# Exercise goal:
Skip every picture and copy only the lines from the one containing "text U kunt" to the final line of the records below.

# Data excerpts:
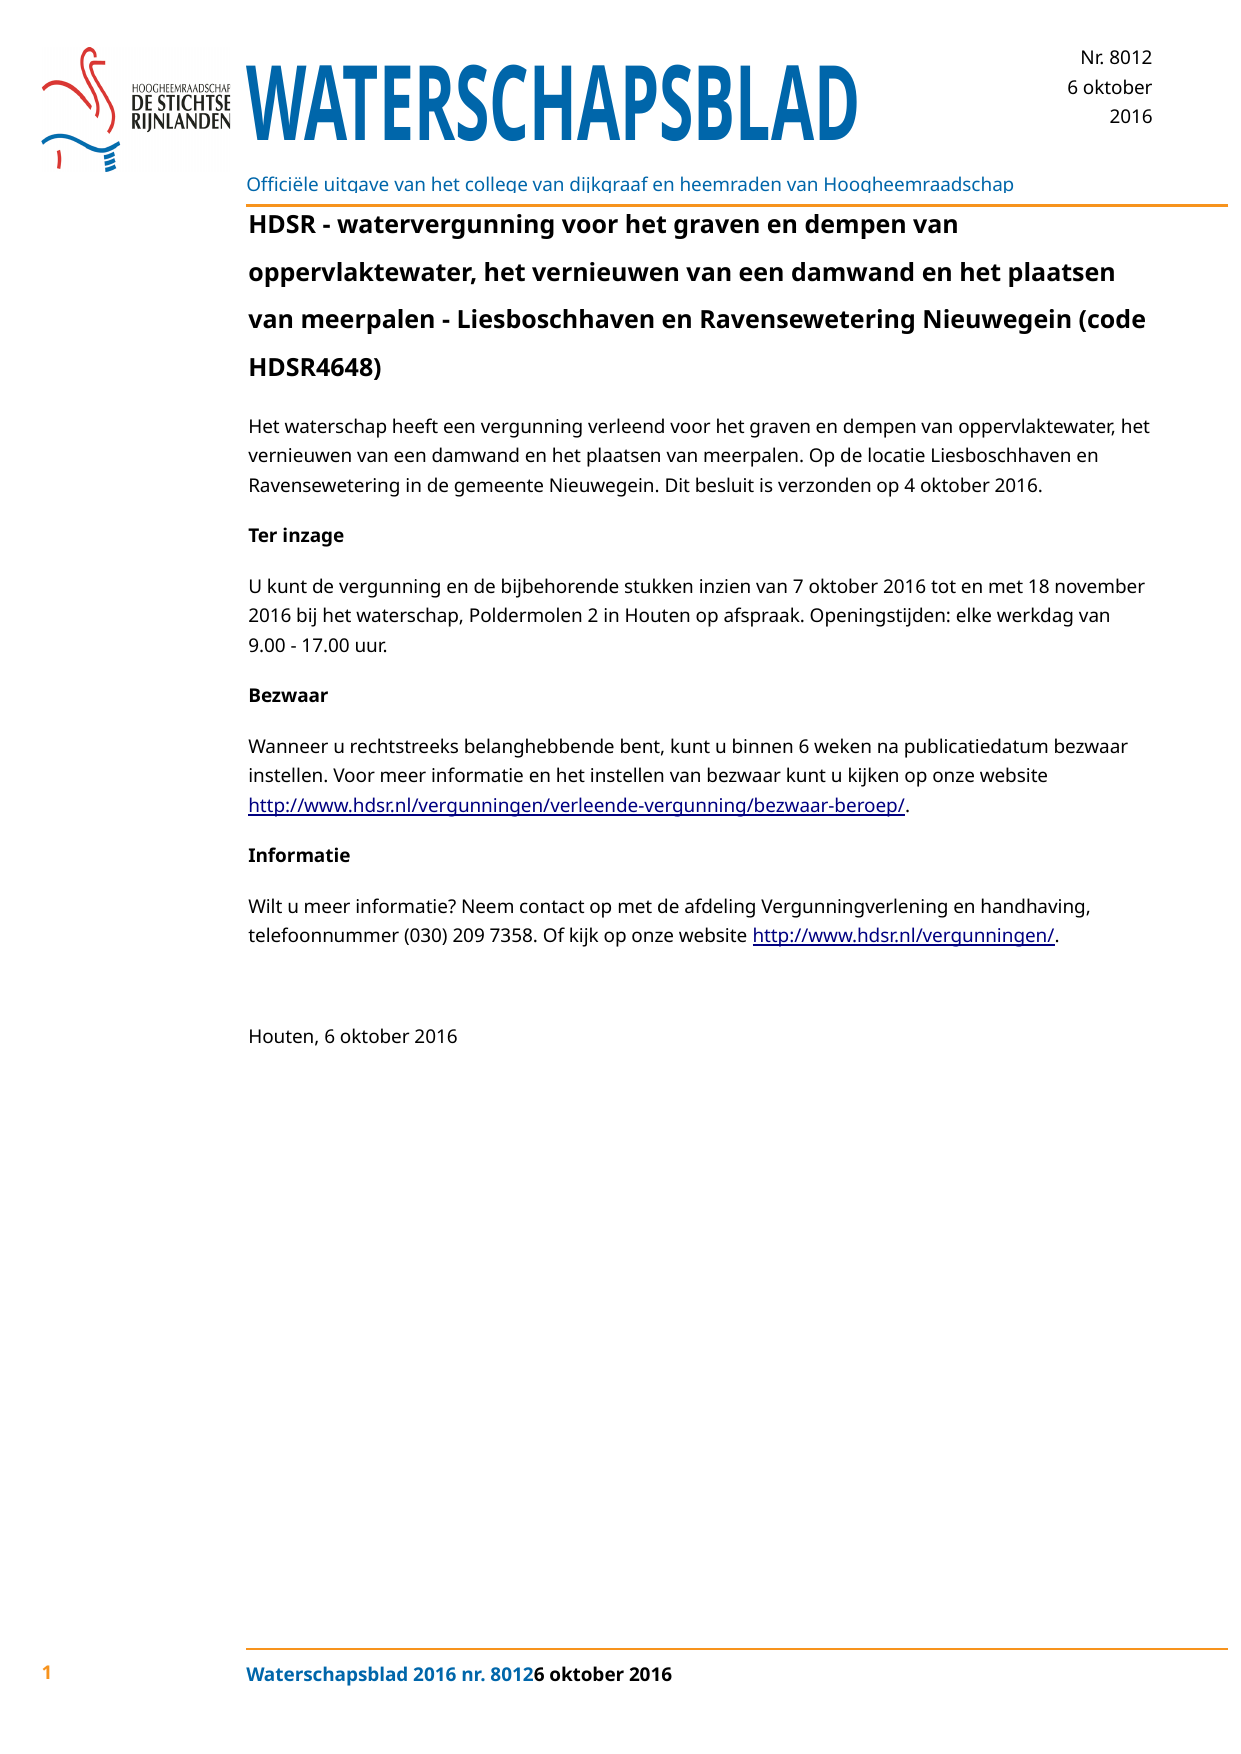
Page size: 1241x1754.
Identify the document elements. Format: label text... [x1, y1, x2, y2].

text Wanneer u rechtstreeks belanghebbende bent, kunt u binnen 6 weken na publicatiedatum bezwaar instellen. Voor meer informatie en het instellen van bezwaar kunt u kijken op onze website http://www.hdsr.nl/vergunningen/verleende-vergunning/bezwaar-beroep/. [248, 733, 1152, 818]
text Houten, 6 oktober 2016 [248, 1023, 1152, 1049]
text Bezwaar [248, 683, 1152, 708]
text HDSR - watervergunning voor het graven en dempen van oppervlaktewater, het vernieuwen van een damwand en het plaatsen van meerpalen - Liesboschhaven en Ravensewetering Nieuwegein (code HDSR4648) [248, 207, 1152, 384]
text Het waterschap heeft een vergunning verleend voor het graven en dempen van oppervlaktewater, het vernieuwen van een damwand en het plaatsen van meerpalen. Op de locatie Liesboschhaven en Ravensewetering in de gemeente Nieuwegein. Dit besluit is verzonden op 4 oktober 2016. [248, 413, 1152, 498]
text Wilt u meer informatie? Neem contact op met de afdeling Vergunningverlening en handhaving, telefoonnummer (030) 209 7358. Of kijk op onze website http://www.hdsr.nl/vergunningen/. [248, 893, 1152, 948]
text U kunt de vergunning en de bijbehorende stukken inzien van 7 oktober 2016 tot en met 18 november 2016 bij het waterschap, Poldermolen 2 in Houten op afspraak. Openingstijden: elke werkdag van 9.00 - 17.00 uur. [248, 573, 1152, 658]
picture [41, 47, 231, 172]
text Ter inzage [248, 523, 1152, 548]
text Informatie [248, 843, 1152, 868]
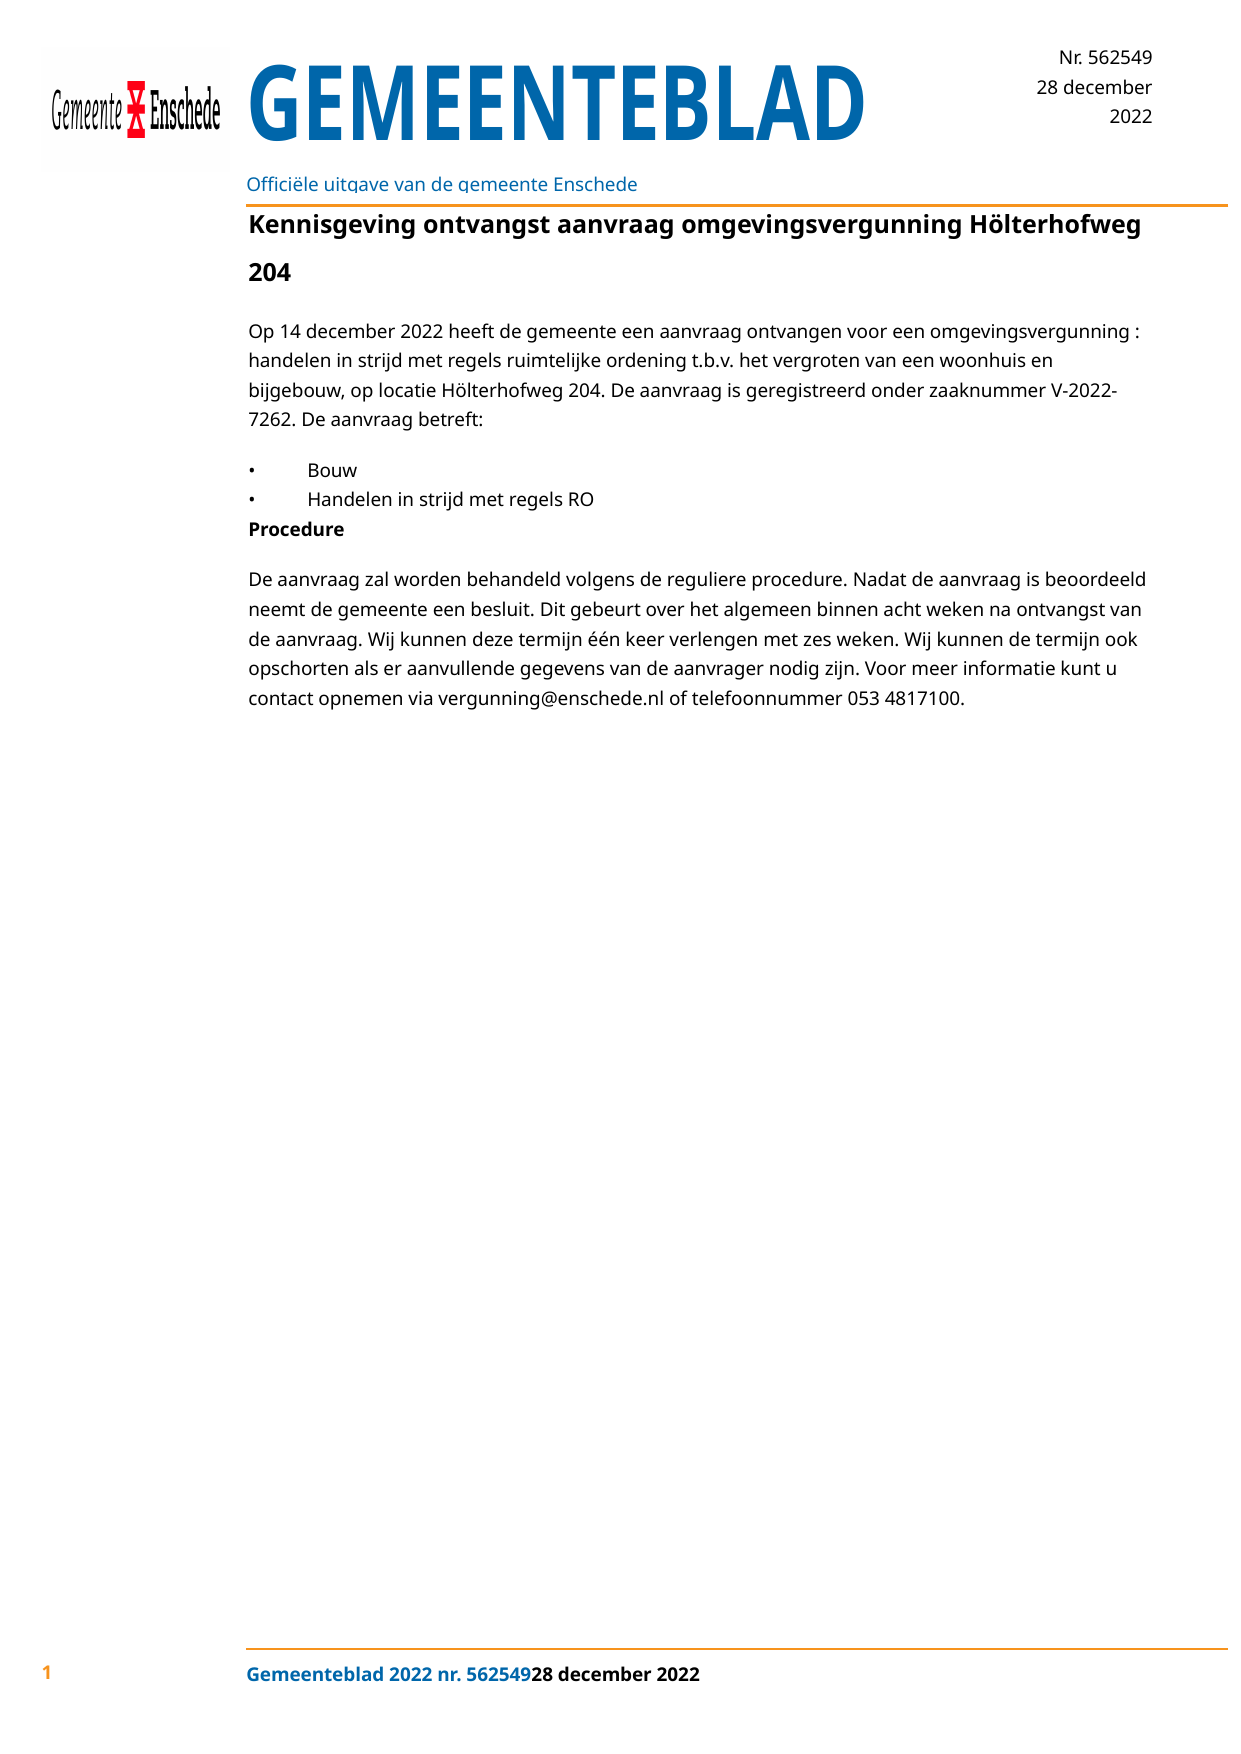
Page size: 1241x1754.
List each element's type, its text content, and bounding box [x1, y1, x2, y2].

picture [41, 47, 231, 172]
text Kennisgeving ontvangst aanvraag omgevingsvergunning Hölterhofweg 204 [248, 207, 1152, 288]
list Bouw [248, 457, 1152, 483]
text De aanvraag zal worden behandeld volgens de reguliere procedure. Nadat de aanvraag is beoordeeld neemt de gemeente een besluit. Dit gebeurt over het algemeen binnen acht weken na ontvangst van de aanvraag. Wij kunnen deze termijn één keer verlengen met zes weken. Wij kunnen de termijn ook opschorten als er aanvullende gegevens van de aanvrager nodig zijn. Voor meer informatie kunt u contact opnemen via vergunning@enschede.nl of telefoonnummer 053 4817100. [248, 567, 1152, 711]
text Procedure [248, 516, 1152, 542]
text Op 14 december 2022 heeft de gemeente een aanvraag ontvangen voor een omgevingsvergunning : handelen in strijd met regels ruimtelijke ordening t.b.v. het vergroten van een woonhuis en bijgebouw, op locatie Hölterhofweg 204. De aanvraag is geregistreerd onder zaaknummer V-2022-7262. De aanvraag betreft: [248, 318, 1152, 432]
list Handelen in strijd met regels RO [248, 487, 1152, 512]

# Response area:
text U kunt de vergunning en de bijbehorende stukken inzien van 7 oktober 2016 tot en met 18 november 2016 bij het waterschap, Poldermolen 2 in Houten op afspraak. Openingstijden: elke werkdag van 9.00 - 17.00 uur. [248, 573, 1152, 658]
picture [41, 47, 231, 172]
text Ter inzage [248, 523, 1152, 548]
text Informatie [248, 843, 1152, 868]
Page size: 1241x1754.
List each element's type, its text content, and bounding box [x1, y1, x2, y2].

picture [41, 47, 231, 172]
text Kennisgeving ontvangst aanvraag omgevingsvergunning Hölterhofweg 204 [248, 207, 1152, 288]
list Bouw [248, 457, 1152, 483]
text De aanvraag zal worden behandeld volgens de reguliere procedure. Nadat de aanvraag is beoordeeld neemt de gemeente een besluit. Dit gebeurt over het algemeen binnen acht weken na ontvangst van de aanvraag. Wij kunnen deze termijn één keer verlengen met zes weken. Wij kunnen de termijn ook opschorten als er aanvullende gegevens van de aanvrager nodig zijn. Voor meer informatie kunt u contact opnemen via vergunning@enschede.nl of telefoonnummer 053 4817100. [248, 567, 1152, 711]
text Procedure [248, 516, 1152, 542]
text Op 14 december 2022 heeft de gemeente een aanvraag ontvangen voor een omgevingsvergunning : handelen in strijd met regels ruimtelijke ordening t.b.v. het vergroten van een woonhuis en bijgebouw, op locatie Hölterhofweg 204. De aanvraag is geregistreerd onder zaaknummer V-2022-7262. De aanvraag betreft: [248, 318, 1152, 432]
list Handelen in strijd met regels RO [248, 487, 1152, 512]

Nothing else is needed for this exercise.